571 P.2d 696 | Ariz. Ct. App. | 1977
SOUTHERN PACIFIC TRANSPORTATION COMPANY, Petitioner,
v.
The Honorable Gilbert VELIZ, Pima County Superior Court Judge, Respondent; David YOUNG and Florence Young, husband and wife, Real Parties in Interest.
Court of Appeals of Arizona, Division 2.
*200 Bilby, Shoenhair, Warnock & Dolph, P.C. by Barry M. Davis and Richard M. Bilby, Tucson, for petitioner.
Barber, Haralson & Kinerk, P.C. by George Donaldson and Dale Haralson, Tucson, for real parties in interest.
OPINION
HOWARD, Chief Judge.
Petitioner brings this special action to challenge an order of the respondent forcing it to answer various interrogatories and to produce a file and lease agreements. Discovery matters are properly entertained in special actions, City of Phoenix v. Peterson, 11 Ariz. App. 136, 462 P.2d 829 (1969) and since we believe the respondent abused his discretion in ordering discovery beyond permissible bounds, we choose to take jurisdiction and grant relief.

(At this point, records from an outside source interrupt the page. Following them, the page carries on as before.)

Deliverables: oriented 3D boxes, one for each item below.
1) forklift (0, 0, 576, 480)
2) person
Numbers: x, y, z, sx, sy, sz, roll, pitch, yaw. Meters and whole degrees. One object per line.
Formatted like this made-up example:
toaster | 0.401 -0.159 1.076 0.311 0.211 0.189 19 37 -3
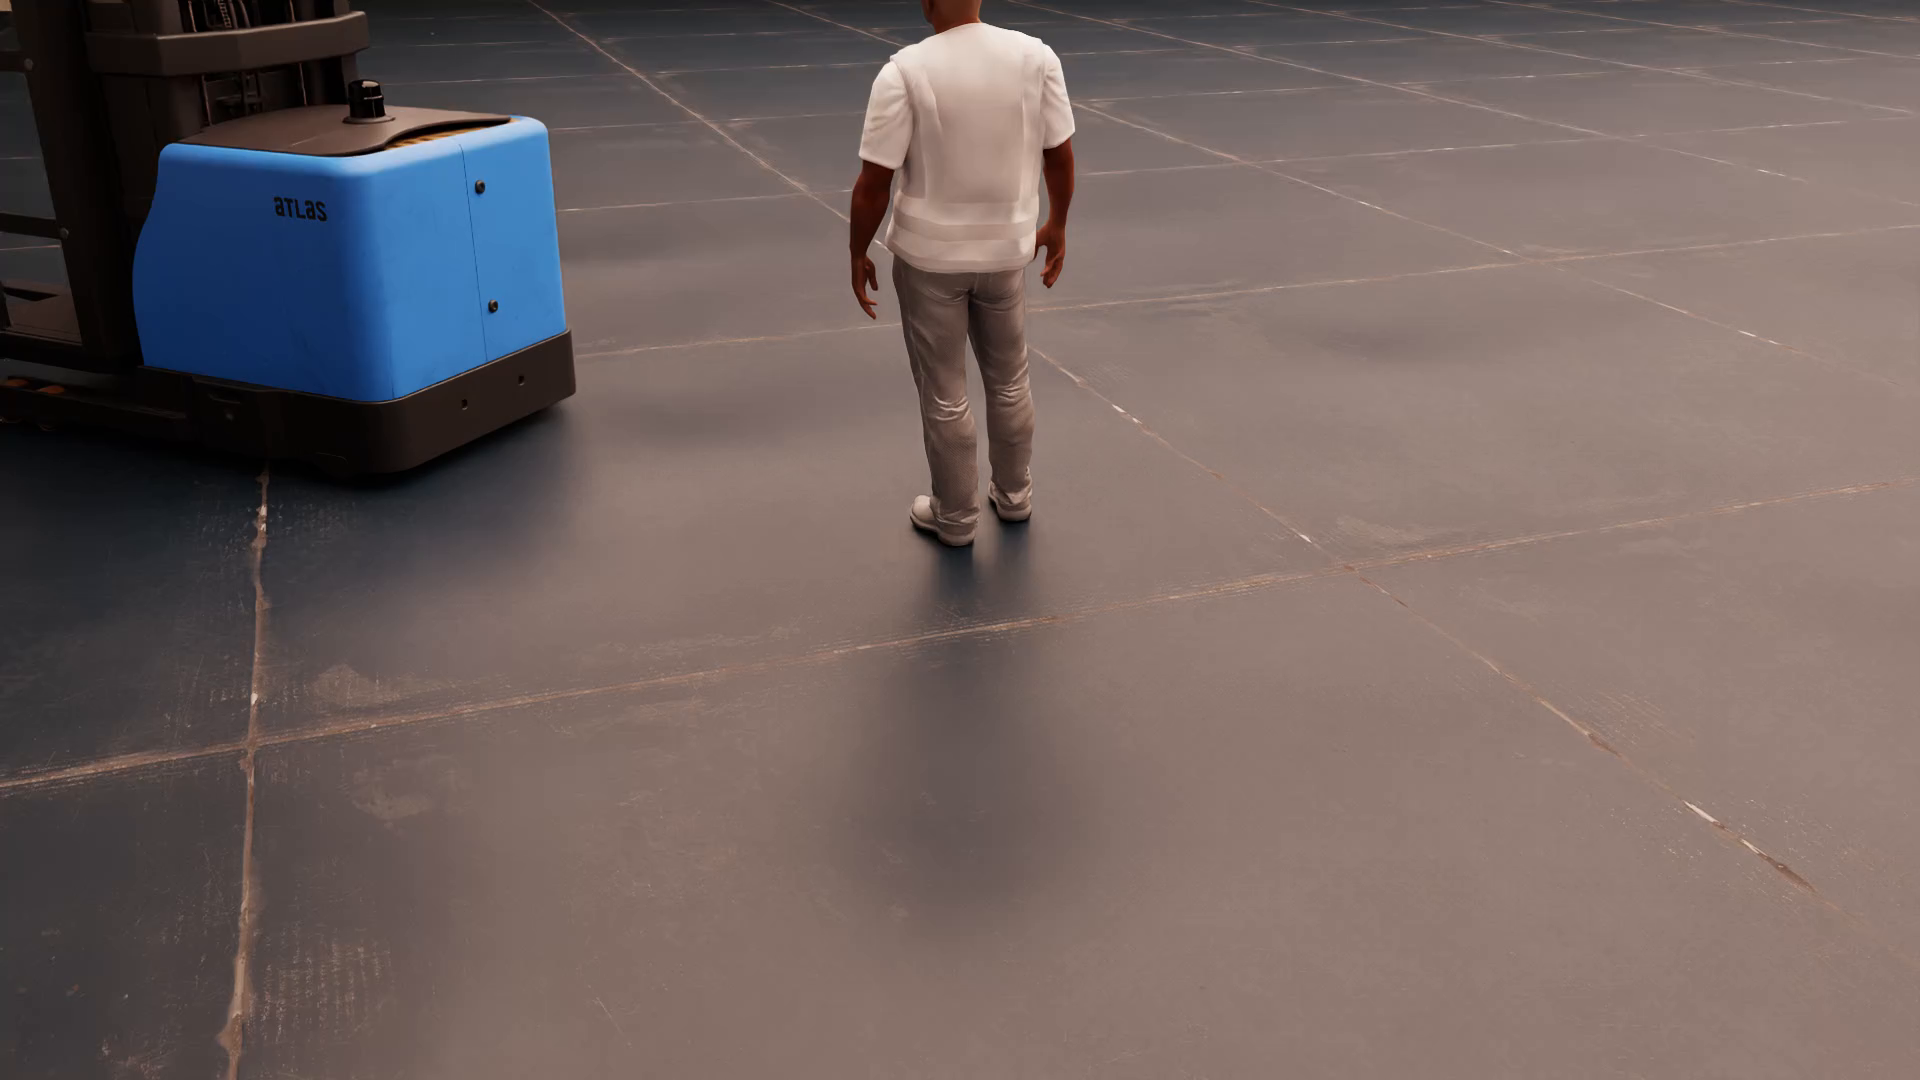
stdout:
forklift | -2.994 -1.916 5.854 3.031 2.935 1.130 10 25 23
person | -0.020 -0.847 4.797 0.665 1.769 0.574 -8 24 -18

The subject litigation arises out of an automobile-train collision at the West Simpson Street crossing on May 9, 1971. The question involved in the lawsuit is whether petitioner was negligent in maintaining its crossing, thereby causing injuries to the real parties in interest. Two sections of interrogatories are questioned as being proper: (1) Interrogatories F-17, F-23(b) and F-24(b) attempt to elicit information regarding amounts paid out by petitioner for settlement of claims arising out of automobile-train collisions generally; (2) Interrogatories J-5 through J-15 which seek information regarding the assets of Southern Pacific Company, its subsidiaries, dividends paid to common stockholders, dividends paid to preferred stockholders, the par value of common and preferred stocks, and other corporate financial matters.
Relevancy is the standard in judging the propriety of interrogatories. Moore, Federal Practice and Procedure, § 43.15. It is uniformly recognized that offers of settlements of similar claims with other parties, even if arising out of the same fact situation, are inadmissible and irrelevant. Udall, Arizona Law of Evidence, § 97. In the present case, the information sought by the real parties in interest does not refer to the same collision, or to the same crossing, but to settlements generally over the system. There may have been many reasons why petitioner settled other cases for various amounts, and we do not see the relevancy of those settlements to this litigation. The real parties in interest contend that the figures would help them *201 ascertain whether the railroad was aware that substantial bodily harm and death could be involved in a continued practice of failing to gate many of its crossings. However, the mere fact that the railroad has paid out sums for failure to gate other crossings does not mean it was negligent in failing to gate this particular crossing. The real parties in interest also contend that the information would be relevant to a determination of the amount of punitive damages to be levied against the railroad should such damages be awarded. Again, the mere fact that the railroad has paid out sums in the past for whatever reasons, does nothing to show negligence let alone gross negligence on its part in the present case nor does it determine suitable figures for punitive damages purposes. These interrogatories were irrelevant and it was error for the trial court to order their answers.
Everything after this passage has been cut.